The functional consequences of the HPRT1 gene variants were assessed using three approaches. The first was a direct enzyme assay for HGprt from tissue extracts, modified for cultured cells, and adapted for use in a microplate platform92. It is based on conversion of radiolabeled hypoxanthine into inosine monophosphate (IMP). Individual iPSC cultures were grown in 6 well dishes. Cells were detached with Accutase (Stemcell Technologies) into single cell suspensions, pelleted by centrifugation at 300×g for 4 min, and mixed with 50 µL of assay buffer consisting of 50 mM HEPES and 15 mM MgCl2. Samples were then frozen at − 80 °C for storage. For assay, samples were thawed, sonicated briefly, and centrifuged at 10,000×g for 10 min. A 10 µL aliquot of each was then incubated in a reaction mixture that contained 100 µM [8-14C]-hypoxanthine (50 mCi/mmol, Moravek Biochemicals Inc, CA), assay buffer and 10 mM PRPP (Sigma). The assay was allowed to proceed for 30 min at 37 °C. The reaction was then terminated by the addition of 5 μL of 2 M PCA. Tubes were then incubated on ice for 15 min to precipitate potassium-perchlorate. Precipitate was centrifuged and a 5 µL sample of the supernatant was spotted onto microplates with diethylaminoethyl anion exchange filters (Millipore, Billerica MA). Samples were allowed to adsorb for 60 min and free radiolabeled substrate was washed from IMP bound to the filters with 200 µL of H2O followed by 200 µL of 50% methanol (3 times) by vacuum filtration using a MultiScreen HTS Vacuum Manifold (Millipore). Then 100 µL of ULTIMA GOLD MV scintillation liquid (Perkin Elmer, Waltham, MA) was added and plates were stored at room temperature for 24 h before counting with a 2450 MicroBeta Microplate Scintillation Counter (Perkin Elmer, Finland). To accommodate slight changes in cell density at harvest, HGprt enzyme activity was normalized to total protein concentrations using the Pierce BCA kit (Thermo Fisher Scientific, Rockford IL).

The second approach to functional assessment of the HPRT1 gene variants involved growth in medium supplemented with 6-thioguanine (6TG), an inert prodrug that is phosphoribosylated into a toxic nucleotide by HGprt93. Normal cells expressing HGprt die after 1–2 days of exposure, while HGprt-deficient cells grow normally. For each iPSC line, 50,000 cells were plated in 24-well plates in mTeSR1 media (Stemcell Technologies), with or without 30 µM 6TG (Sigma A-4660). Medium was replaced every other day. Cells survival was assessed on days 2, 4, and 6.

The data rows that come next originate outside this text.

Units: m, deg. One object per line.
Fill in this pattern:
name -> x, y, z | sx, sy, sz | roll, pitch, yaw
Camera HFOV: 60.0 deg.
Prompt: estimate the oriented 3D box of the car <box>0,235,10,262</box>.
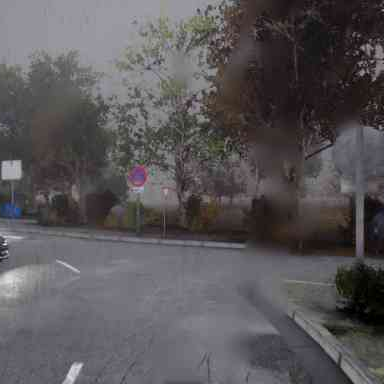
car -> -7.883, 1.504, 10.659 | 4.892, 1.490, 1.837 | 0, 0, 31
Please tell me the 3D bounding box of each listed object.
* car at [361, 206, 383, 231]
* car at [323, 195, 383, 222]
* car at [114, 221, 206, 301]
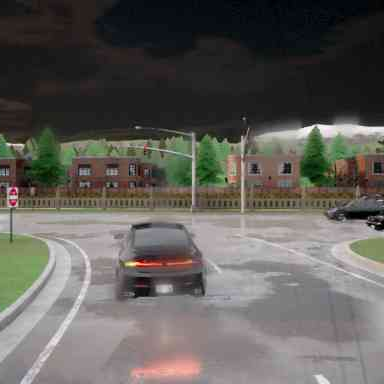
[{"bbox_3d":[12.266,1.601,18.283,4.718,1.301,1.895,0,0,6],"label":"car"},{"bbox_3d":[12.485,1.351,25.299,4.553,1.767,2.097,0,0,6],"label":"car"},{"bbox_3d":[-0.888,1.505,8.418,1.837,1.490,4.892,0,0,-9],"label":"car"}]
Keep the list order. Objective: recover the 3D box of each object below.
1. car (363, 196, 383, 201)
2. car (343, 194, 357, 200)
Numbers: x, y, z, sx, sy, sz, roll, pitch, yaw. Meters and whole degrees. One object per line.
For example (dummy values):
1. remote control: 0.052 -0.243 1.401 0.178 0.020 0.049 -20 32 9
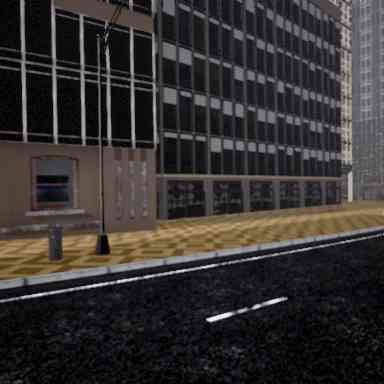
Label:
1. car: 38.507 1.207 70.505 1.802 1.307 4.206 -1 1 -41
2. car: 34.797 1.144 74.810 1.947 1.339 4.313 -1 1 -41
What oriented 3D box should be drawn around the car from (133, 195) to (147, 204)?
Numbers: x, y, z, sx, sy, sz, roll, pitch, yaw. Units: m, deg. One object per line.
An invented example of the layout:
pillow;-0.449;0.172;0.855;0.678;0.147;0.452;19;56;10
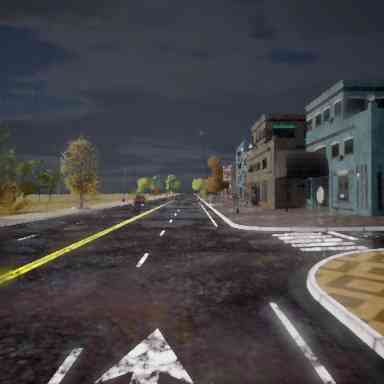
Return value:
car;-9.750;1.403;62.443;2.097;1.767;4.553;0;0;0
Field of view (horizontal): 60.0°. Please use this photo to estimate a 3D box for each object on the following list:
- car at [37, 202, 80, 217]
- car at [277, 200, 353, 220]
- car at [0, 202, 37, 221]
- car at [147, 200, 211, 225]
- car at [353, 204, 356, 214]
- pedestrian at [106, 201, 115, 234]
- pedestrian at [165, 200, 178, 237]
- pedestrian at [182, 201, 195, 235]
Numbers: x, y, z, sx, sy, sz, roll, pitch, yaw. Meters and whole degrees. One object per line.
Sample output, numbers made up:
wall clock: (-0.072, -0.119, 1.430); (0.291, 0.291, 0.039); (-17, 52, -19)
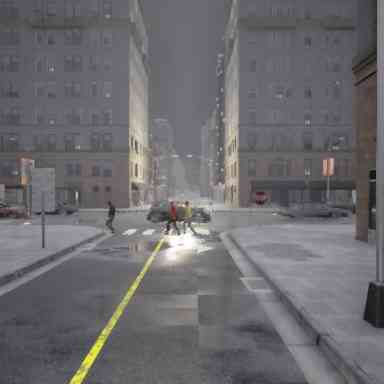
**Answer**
car: (-12.928, 1.618, 30.585); (4.718, 1.301, 1.895); (0, 0, 0)
car: (9.777, 1.536, 27.128); (5.357, 1.411, 2.033); (0, 0, 0)
car: (-15.655, 1.551, 27.133); (4.674, 1.442, 1.812); (0, 0, 0)
car: (-0.893, 1.358, 23.880); (4.553, 1.767, 2.097); (0, 0, 0)
car: (12.484, 1.459, 30.578); (5.008, 1.535, 1.882); (0, 0, 0)
pedestrian: (-4.336, 1.294, 17.793); (0.375, 1.860, 0.375); (0, 0, 0)
pedestrian: (-1.007, 1.294, 16.595); (0.375, 1.860, 0.375); (0, 0, 0)
pedestrian: (-0.173, 1.294, 17.195); (0.375, 1.860, 0.375); (0, 0, 0)
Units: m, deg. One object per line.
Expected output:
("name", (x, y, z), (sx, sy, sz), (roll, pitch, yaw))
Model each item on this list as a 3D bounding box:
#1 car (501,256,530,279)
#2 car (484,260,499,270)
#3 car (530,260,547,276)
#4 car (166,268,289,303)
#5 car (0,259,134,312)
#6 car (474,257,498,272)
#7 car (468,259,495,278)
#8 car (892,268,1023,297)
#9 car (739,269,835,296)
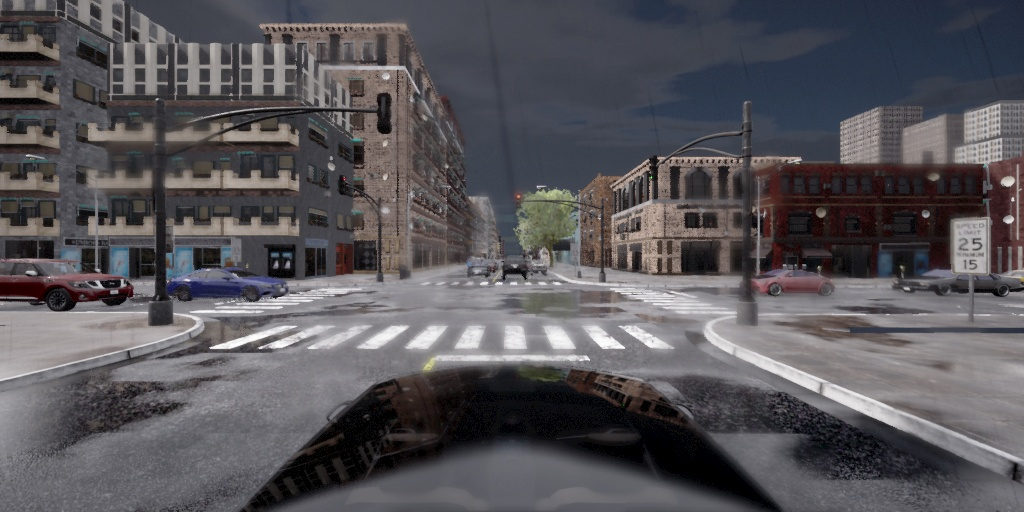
("car", (0.193, 0.996, 33.553), (2.150, 2.045, 5.566), (0, 0, -1))
("car", (-3.090, 1.372, 54.264), (1.994, 1.385, 4.181), (0, 0, 0))
("car", (2.687, 1.330, 37.010), (2.007, 1.370, 4.403), (0, 0, 0))
("car", (-12.526, 1.242, 15.910), (4.674, 1.442, 1.812), (0, 0, 0))
("car", (-17.278, 1.013, 13.289), (5.009, 1.841, 2.192), (0, 0, 0))
("car", (-3.102, 1.143, 44.254), (2.097, 1.767, 4.553), (0, 0, 0))
("car", (-3.105, 1.266, 34.360), (2.128, 1.511, 4.902), (0, 0, 0))
("car", (24.018, 1.412, 19.376), (5.357, 1.411, 2.033), (0, 0, 0))
("car", (14.717, 1.387, 19.308), (4.181, 1.385, 1.994), (0, 0, 0))
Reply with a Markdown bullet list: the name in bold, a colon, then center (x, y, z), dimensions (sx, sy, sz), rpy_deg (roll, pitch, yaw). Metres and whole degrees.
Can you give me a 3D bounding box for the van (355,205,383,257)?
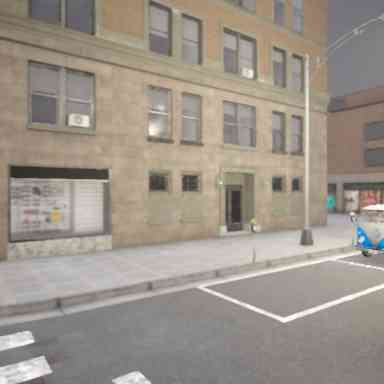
- **van**: center (7.245, 1.306, 11.386), dimensions (3.998, 1.788, 1.690), rpy_deg (0, 0, -36)
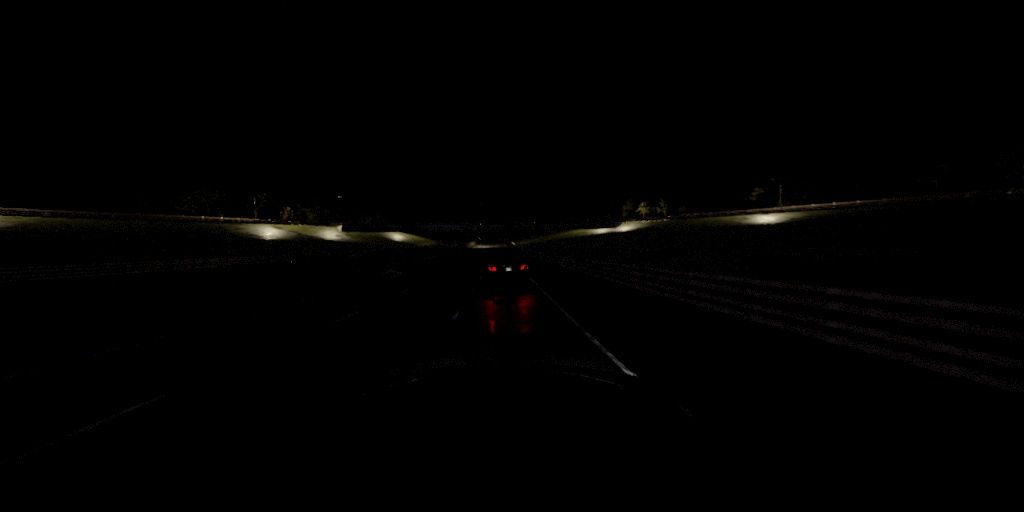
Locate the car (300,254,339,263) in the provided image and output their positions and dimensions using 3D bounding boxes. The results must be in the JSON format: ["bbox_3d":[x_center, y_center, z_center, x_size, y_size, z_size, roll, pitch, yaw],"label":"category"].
[{"bbox_3d":[-22.087,0.586,41.936,2.128,1.511,4.902,-1,2,-1],"label":"car"}]

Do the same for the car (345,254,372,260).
[{"bbox_3d":[-18.630,0.460,43.740,1.882,1.535,5.008,-1,2,-1],"label":"car"}]

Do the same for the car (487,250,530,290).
[{"bbox_3d":[-0.210,0.669,20.067,2.150,2.045,5.566,-1,2,-1],"label":"car"}]

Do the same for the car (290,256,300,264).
[{"bbox_3d":[-25.661,0.548,44.789,1.837,1.490,4.892,-1,2,-1],"label":"car"}]
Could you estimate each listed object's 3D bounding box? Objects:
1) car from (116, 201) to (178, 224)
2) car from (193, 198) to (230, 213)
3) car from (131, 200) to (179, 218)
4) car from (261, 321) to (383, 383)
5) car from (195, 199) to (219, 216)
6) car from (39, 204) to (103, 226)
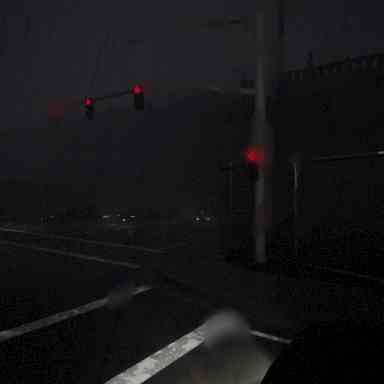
[{"bbox_3d":[-3.300,1.603,25.781,2.033,1.411,5.357,0,0,35],"label":"car"},{"bbox_3d":[2.363,1.547,39.794,2.128,1.511,4.902,0,0,35],"label":"car"},{"bbox_3d":[-3.414,1.581,31.655,1.812,1.442,4.674,0,0,36],"label":"car"},{"bbox_3d":[3.047,1.547,1.795,5.357,1.411,2.033,0,0,36],"label":"car"},{"bbox_3d":[2.533,1.603,33.993,2.033,1.411,5.357,0,0,35],"label":"car"},{"bbox_3d":[-8.702,1.581,24.254,1.812,1.442,4.674,0,0,37],"label":"car"}]
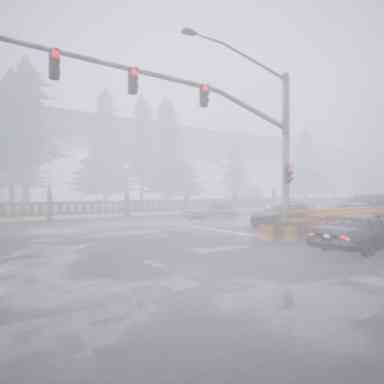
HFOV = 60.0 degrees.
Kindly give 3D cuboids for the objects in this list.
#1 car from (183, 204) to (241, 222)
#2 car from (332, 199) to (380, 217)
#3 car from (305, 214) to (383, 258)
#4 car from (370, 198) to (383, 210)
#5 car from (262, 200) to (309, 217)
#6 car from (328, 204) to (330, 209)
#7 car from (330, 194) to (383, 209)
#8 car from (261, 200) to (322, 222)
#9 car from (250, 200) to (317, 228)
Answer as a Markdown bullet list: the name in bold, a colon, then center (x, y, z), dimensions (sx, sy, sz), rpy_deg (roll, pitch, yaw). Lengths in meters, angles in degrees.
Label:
- **car**: center (1.629, 1.600, 26.623), dimensions (4.718, 1.301, 1.895), rpy_deg (0, 0, -35)
- **car**: center (16.109, 1.489, 32.551), dimensions (4.902, 1.511, 2.128), rpy_deg (0, 0, -35)
- **car**: center (6.625, 1.546, 12.769), dimensions (5.357, 1.411, 2.033), rpy_deg (0, 0, -35)
- **car**: center (25.847, 1.544, 43.793), dimensions (5.357, 1.411, 2.033), rpy_deg (0, 0, -35)
- **car**: center (8.947, 1.524, 31.768), dimensions (4.674, 1.442, 1.812), rpy_deg (0, 0, -35)
- **car**: center (17.383, 1.489, 37.758), dimensions (4.902, 1.511, 2.128), rpy_deg (0, 0, -35)
- **car**: center (13.910, 1.219, 26.717), dimensions (5.566, 2.045, 2.150), rpy_deg (0, 0, -35)
- **car**: center (8.098, 1.490, 26.911), dimensions (4.902, 1.511, 2.128), rpy_deg (0, 0, -35)
- **car**: center (5.806, 1.476, 20.965), dimensions (5.008, 1.535, 1.882), rpy_deg (0, 0, -36)
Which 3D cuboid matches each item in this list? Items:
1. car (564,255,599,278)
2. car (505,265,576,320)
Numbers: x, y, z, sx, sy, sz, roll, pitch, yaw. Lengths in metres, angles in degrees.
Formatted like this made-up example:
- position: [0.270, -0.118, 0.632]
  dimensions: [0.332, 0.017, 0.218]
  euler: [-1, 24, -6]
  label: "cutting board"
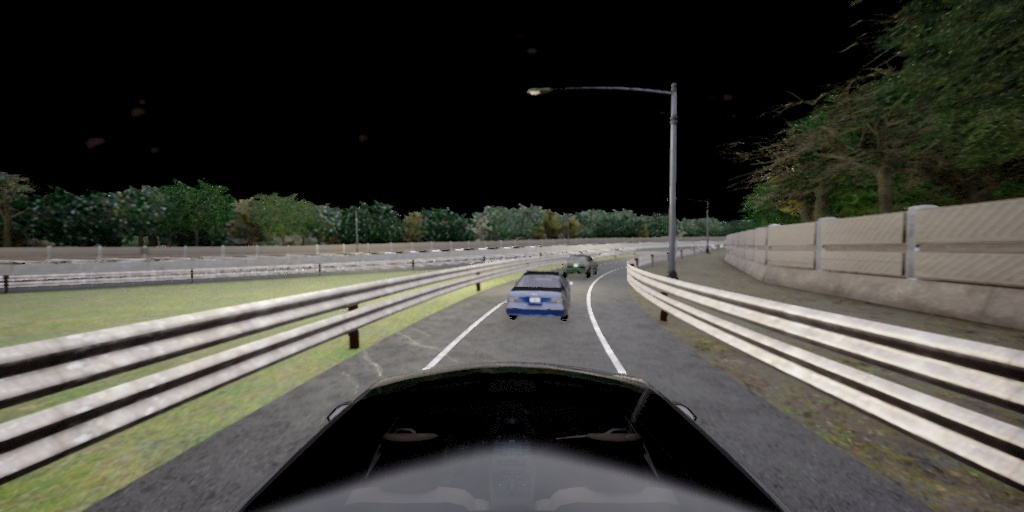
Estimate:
- position: [5.475, 0.674, 28.198]
  dimensions: [2.097, 1.767, 4.553]
  euler: [1, 2, 22]
  label: "car"
- position: [1.052, 1.209, 12.213]
  dimensions: [2.033, 1.411, 5.357]
  euler: [0, 1, 10]
  label: "car"
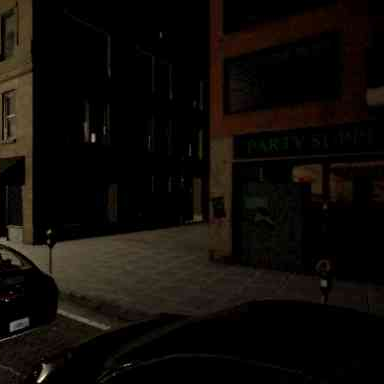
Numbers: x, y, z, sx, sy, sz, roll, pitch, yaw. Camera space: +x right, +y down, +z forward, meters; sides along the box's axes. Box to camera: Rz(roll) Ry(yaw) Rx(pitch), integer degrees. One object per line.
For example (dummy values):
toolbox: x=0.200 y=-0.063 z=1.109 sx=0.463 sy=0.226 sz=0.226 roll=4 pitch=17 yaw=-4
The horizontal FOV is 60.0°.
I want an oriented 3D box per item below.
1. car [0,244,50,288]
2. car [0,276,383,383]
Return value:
car: x=-4.101 y=1.547 z=5.741 sx=4.403 sy=1.369 sz=2.008 roll=0 pitch=0 yaw=35
car: x=0.531 y=1.562 z=2.473 sx=4.313 sy=1.339 sz=1.947 roll=0 pitch=0 yaw=35
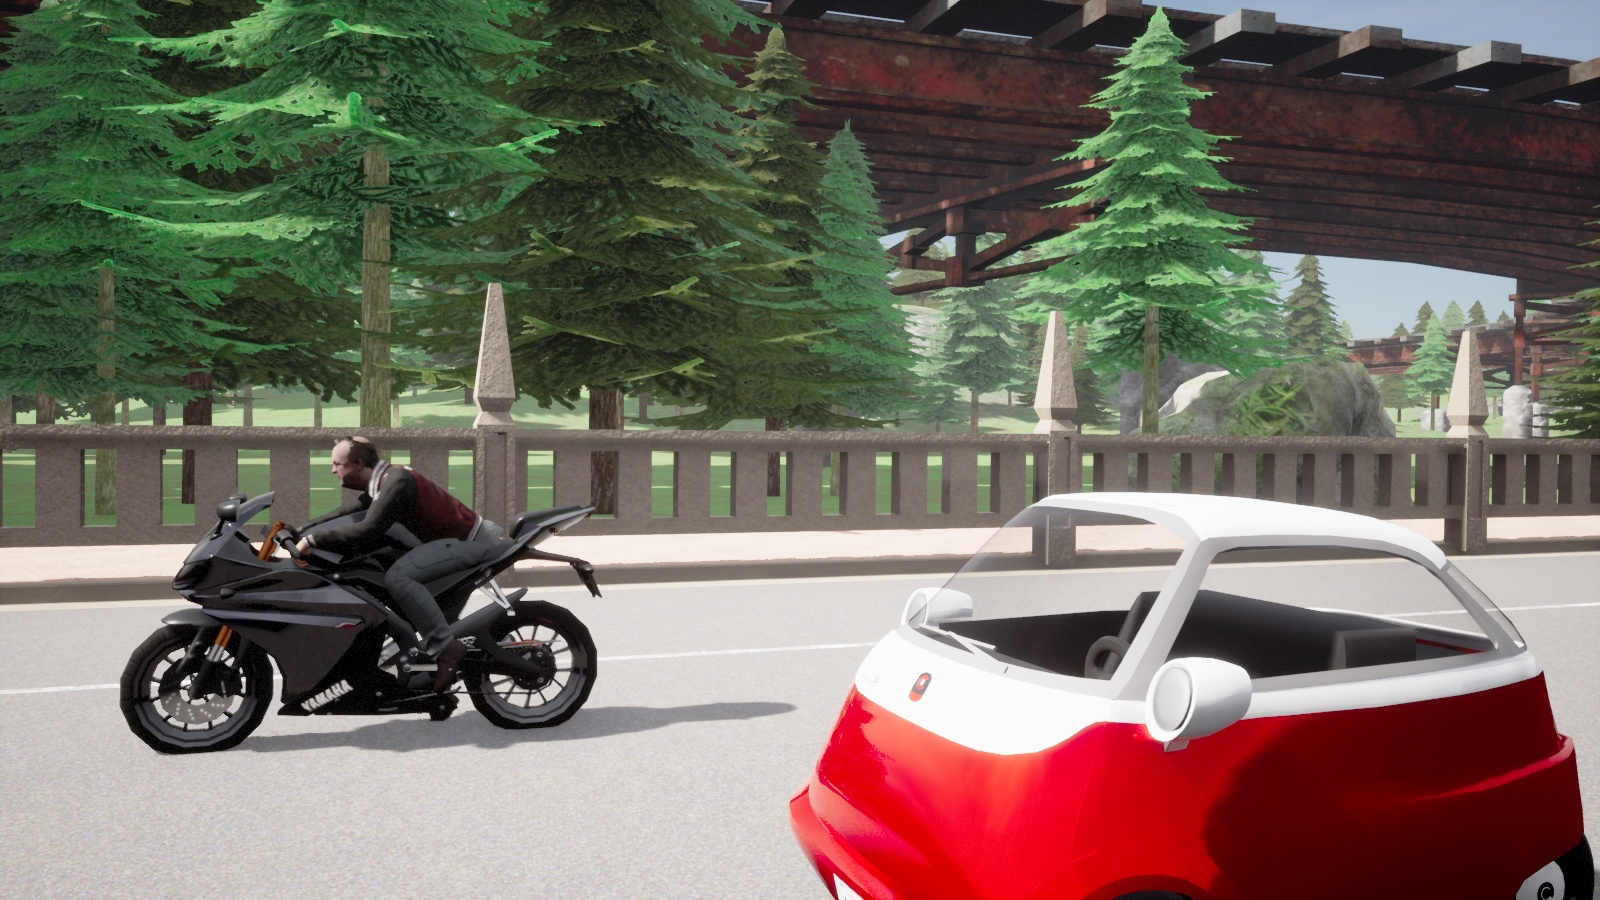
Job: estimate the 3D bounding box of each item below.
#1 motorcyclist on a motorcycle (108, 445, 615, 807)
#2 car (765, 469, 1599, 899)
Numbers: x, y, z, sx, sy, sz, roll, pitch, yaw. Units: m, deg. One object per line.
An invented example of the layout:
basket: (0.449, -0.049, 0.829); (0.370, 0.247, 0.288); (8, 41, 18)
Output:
motorcyclist on a motorcycle: (-2.091, 0.755, 6.189); (2.191, 1.530, 0.866); (-1, 1, -21)
car: (1.187, 0.780, 3.690); (2.207, 1.376, 1.481); (-1, 1, -21)

The third approach for functional assessment involved measuring intracellular purine levels and purine waste products released into the tissue culture medium. Cultures were grown to 80% confluency in triplicate samples (at least 1 million cells per sample). To measure purines released into culture medium, fresh medium was replaced 24 h before collecting a 450 µL aliquot of the culture medium, and mixed with 50 µL of 1 M perchloric acid and stored at − 80 °C. To measure intracellular purines, the cells were removed with Accutase and pelleted at 500×g for 5 min. Purines were measured by high performance liquid chromatography with photodiode array ultraviolet detection (HPLC–UV) as previously described3,19,42. This method resolves and quantifies the most abundant biologically relevant purines including ATP, ADP, AMP, adenosine, adenine, GTP, GDP, GMP, guanosine, guanine, hypoxanthine, inosine, xanthine and uric acid17,42. Purine analytes were normalized to total protein with the Pierce BCA kit (Thermo Fisher Scientific, Rockford, IL).